## [Task objective]
All lines in the data bearing the string "zijn" should be identified and copied.

##############################

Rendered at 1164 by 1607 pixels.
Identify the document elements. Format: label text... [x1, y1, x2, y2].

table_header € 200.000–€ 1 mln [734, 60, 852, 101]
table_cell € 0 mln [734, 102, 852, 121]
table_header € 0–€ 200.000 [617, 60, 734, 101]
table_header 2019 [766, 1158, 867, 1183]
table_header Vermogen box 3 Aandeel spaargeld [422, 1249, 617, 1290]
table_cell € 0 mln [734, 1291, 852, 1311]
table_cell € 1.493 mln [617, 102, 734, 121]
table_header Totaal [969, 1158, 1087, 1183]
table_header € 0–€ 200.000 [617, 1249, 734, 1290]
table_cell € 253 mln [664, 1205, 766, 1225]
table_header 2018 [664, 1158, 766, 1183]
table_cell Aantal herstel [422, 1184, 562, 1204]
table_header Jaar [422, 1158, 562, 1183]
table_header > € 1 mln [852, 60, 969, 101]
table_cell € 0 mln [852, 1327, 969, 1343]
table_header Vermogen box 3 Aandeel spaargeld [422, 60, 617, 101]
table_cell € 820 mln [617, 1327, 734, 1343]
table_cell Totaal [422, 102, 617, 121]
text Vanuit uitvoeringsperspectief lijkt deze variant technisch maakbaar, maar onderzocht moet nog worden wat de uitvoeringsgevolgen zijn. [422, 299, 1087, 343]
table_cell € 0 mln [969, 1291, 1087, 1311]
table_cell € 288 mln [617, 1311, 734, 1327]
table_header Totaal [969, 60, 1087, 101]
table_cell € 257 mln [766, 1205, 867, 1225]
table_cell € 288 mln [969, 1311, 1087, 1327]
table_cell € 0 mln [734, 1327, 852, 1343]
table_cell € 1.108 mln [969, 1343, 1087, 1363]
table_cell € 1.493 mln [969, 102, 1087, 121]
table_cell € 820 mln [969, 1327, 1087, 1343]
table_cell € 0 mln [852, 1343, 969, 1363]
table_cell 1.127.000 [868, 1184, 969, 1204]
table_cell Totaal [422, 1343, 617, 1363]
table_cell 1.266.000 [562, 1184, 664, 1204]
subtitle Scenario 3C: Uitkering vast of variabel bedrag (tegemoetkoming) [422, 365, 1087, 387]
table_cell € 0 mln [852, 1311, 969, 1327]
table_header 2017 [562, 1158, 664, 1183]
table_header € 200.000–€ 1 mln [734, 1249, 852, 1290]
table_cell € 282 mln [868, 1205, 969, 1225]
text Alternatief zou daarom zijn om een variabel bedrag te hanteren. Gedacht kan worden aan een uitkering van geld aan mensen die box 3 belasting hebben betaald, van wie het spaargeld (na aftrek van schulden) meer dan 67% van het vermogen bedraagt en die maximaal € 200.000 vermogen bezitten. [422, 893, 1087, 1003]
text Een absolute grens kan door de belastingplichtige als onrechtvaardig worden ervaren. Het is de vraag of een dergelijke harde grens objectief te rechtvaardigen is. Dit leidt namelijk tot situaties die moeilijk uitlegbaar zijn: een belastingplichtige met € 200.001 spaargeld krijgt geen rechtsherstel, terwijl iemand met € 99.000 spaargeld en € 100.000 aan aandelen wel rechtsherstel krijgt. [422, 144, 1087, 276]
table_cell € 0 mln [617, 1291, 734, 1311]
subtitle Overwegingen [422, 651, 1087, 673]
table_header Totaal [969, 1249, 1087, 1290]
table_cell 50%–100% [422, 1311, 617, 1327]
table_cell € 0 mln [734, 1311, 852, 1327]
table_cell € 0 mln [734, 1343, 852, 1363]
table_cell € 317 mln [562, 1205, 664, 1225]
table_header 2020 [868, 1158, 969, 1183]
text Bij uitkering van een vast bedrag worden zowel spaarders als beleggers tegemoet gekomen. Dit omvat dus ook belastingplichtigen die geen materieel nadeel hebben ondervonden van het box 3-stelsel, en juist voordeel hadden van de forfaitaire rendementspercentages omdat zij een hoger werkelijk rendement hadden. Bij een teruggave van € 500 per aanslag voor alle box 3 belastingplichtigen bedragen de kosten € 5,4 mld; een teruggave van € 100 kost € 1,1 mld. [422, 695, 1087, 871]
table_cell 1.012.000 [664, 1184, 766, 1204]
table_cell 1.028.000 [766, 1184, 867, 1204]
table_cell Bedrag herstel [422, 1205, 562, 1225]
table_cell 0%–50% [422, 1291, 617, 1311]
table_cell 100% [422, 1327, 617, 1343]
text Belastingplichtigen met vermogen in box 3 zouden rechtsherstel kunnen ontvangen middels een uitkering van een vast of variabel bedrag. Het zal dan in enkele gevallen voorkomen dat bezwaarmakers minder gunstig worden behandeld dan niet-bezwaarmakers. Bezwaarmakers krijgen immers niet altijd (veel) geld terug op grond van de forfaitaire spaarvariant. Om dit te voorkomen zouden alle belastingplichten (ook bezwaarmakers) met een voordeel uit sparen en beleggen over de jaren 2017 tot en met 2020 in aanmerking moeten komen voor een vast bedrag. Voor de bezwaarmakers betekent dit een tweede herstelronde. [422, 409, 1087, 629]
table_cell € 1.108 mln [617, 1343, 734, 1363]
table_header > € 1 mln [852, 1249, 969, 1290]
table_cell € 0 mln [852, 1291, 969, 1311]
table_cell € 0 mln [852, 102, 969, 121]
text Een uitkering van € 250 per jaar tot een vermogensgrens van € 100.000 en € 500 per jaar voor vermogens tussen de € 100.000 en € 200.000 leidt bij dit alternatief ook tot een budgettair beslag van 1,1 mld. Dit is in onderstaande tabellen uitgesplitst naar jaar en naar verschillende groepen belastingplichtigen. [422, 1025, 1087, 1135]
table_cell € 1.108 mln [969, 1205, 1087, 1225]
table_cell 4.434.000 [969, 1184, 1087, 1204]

##############################

## [Finished task]
text Vanuit uitvoeringsperspectief lijkt deze variant technisch maakbaar, maar onderzocht moet nog worden wat de uitvoeringsgevolgen zijn. [422, 299, 1087, 343]
text Alternatief zou daarom zijn om een variabel bedrag te hanteren. Gedacht kan worden aan een uitkering van geld aan mensen die box 3 belasting hebben betaald, van wie het spaargeld (na aftrek van schulden) meer dan 67% van het vermogen bedraagt en die maximaal € 200.000 vermogen bezitten. [422, 893, 1087, 1003]
text Een absolute grens kan door de belastingplichtige als onrechtvaardig worden ervaren. Het is de vraag of een dergelijke harde grens objectief te rechtvaardigen is. Dit leidt namelijk tot situaties die moeilijk uitlegbaar zijn: een belastingplichtige met € 200.001 spaargeld krijgt geen rechtsherstel, terwijl iemand met € 99.000 spaargeld en € 100.000 aan aandelen wel rechtsherstel krijgt. [422, 144, 1087, 276]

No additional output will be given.